[Stored records]
Content starts
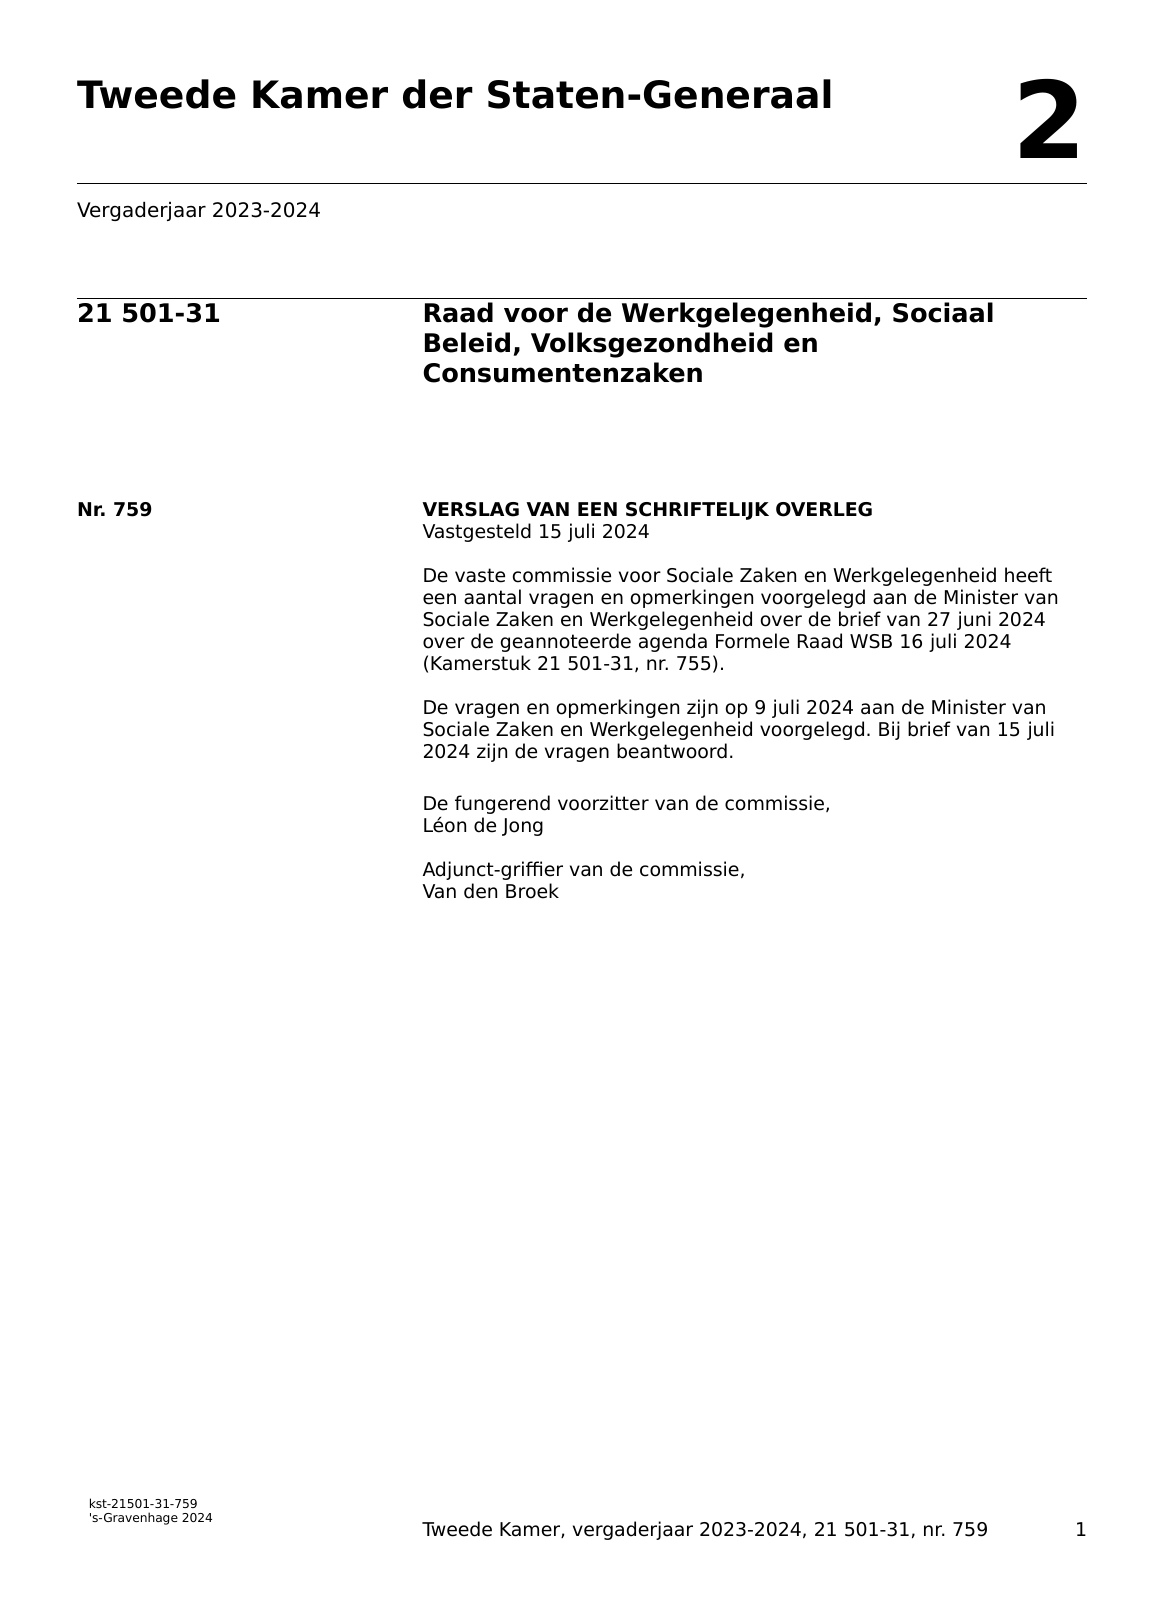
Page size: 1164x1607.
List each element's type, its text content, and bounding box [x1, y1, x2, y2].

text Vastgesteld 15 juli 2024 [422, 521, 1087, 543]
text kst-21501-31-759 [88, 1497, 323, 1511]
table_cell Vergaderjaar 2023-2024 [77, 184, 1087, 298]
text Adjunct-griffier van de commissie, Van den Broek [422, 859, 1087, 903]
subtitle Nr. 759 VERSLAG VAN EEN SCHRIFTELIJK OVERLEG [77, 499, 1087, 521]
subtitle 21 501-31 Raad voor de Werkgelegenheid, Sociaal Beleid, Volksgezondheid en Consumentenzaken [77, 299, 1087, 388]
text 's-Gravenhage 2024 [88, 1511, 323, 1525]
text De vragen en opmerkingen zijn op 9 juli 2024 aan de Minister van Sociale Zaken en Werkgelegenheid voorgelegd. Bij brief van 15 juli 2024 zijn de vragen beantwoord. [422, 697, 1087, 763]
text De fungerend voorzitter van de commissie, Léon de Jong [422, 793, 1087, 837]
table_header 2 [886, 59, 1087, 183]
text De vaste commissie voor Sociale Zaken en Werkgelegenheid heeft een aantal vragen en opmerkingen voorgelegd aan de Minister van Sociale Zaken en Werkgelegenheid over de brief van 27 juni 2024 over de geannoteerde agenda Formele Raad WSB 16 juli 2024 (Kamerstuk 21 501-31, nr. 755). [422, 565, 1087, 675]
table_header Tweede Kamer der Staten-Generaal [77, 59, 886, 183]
Content ends
Content starts
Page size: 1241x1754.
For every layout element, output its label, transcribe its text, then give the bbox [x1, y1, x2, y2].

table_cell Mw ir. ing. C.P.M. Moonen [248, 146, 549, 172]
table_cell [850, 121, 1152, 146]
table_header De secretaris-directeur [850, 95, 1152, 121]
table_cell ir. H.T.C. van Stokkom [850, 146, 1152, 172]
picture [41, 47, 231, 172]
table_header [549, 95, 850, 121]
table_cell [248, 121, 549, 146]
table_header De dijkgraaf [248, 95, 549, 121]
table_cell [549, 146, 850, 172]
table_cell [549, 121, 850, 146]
Content ends
Content starts
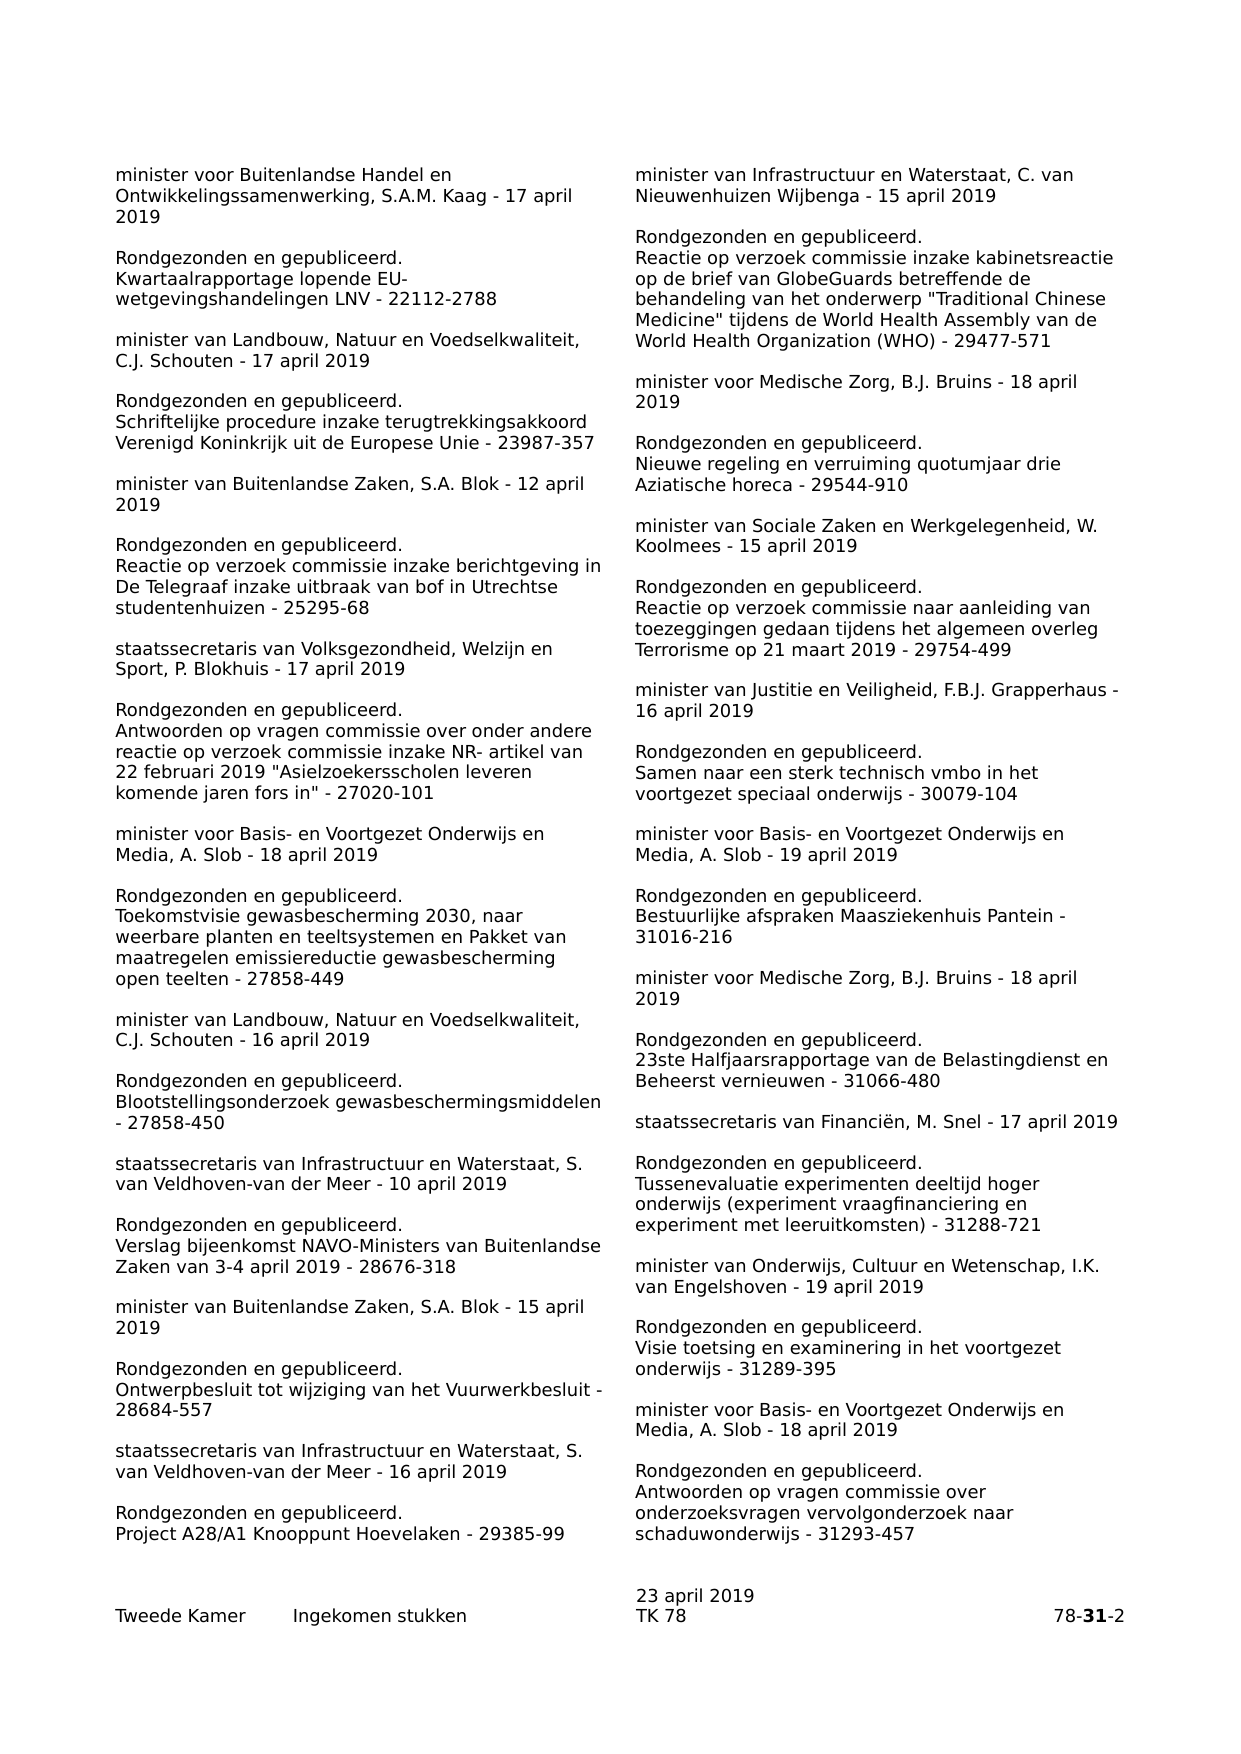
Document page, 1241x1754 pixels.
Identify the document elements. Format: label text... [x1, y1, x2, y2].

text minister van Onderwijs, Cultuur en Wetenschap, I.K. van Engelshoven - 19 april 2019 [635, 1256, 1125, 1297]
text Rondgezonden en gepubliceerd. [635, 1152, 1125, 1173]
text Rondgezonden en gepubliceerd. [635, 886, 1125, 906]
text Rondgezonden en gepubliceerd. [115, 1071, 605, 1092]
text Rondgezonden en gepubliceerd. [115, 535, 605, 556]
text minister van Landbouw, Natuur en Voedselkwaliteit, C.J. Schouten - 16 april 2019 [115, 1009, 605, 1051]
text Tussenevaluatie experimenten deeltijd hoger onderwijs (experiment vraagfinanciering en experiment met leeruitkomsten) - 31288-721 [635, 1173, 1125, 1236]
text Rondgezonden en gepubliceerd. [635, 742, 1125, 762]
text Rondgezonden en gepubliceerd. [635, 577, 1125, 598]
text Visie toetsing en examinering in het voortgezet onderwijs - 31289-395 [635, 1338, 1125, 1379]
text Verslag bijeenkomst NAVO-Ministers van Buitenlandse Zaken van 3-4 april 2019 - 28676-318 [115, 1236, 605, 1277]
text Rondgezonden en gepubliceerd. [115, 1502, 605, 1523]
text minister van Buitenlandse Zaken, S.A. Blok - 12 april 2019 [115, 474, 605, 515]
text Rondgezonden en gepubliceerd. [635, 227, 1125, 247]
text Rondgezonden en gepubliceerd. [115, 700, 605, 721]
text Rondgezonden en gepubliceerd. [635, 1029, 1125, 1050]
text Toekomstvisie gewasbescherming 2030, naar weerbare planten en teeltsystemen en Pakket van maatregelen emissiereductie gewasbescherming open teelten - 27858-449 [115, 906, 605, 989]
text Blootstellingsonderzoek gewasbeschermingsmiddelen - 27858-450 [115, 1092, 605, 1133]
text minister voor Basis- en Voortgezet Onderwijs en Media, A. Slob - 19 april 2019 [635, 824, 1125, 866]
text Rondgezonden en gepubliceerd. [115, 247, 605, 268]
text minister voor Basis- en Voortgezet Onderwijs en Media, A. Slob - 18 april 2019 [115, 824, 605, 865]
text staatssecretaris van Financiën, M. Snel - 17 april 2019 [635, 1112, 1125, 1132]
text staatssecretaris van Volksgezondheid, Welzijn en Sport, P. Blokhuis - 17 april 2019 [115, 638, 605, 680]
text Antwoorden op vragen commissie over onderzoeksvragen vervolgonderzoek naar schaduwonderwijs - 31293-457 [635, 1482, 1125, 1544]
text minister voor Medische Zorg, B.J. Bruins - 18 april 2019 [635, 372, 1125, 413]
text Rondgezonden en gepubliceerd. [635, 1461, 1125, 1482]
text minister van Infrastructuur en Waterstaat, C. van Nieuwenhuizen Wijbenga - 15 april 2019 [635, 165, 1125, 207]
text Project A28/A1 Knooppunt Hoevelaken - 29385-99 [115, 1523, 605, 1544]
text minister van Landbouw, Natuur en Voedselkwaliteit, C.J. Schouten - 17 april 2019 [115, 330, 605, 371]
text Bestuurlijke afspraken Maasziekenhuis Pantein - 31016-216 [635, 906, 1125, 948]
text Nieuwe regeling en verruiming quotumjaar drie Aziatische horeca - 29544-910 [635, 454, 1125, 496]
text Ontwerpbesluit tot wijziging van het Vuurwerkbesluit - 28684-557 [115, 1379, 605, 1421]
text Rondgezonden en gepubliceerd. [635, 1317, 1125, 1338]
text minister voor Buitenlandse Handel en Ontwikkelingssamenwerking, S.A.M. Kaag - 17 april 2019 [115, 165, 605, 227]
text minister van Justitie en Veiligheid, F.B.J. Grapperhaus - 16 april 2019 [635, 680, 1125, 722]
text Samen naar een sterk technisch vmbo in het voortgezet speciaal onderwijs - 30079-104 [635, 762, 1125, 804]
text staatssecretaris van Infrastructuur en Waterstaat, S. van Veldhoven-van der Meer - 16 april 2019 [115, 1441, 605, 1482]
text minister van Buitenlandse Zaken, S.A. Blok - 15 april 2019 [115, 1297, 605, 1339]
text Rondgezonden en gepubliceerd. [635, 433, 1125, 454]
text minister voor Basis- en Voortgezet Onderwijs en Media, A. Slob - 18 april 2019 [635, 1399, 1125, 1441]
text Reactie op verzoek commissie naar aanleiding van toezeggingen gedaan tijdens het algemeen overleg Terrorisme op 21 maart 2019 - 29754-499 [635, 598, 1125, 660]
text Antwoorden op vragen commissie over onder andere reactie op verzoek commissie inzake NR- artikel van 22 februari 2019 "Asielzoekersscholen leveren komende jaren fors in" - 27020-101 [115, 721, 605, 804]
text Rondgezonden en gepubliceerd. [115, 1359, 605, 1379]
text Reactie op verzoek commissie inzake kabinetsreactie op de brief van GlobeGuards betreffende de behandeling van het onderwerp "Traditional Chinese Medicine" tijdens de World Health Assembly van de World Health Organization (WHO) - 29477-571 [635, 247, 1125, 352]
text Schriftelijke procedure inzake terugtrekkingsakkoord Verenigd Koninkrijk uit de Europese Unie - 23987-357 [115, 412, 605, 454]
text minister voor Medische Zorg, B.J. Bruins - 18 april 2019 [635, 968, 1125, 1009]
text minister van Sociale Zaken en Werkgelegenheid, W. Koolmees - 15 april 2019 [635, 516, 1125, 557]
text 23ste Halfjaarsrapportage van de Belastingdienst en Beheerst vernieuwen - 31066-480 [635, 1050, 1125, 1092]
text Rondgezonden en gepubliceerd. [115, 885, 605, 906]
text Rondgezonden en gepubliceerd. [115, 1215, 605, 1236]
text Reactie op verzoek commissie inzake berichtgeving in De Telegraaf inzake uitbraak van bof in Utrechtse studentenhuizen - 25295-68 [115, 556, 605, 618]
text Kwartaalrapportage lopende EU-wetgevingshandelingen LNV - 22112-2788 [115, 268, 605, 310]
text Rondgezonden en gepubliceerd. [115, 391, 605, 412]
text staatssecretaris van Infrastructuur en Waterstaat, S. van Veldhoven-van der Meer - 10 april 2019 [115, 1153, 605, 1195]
Content ends
▶ _Exercise goal_: I need every line of the data that has the word "size"; please list them.

▶ _Response to this task_:
Page size: 1164x1607.
Page size: 1241x1754.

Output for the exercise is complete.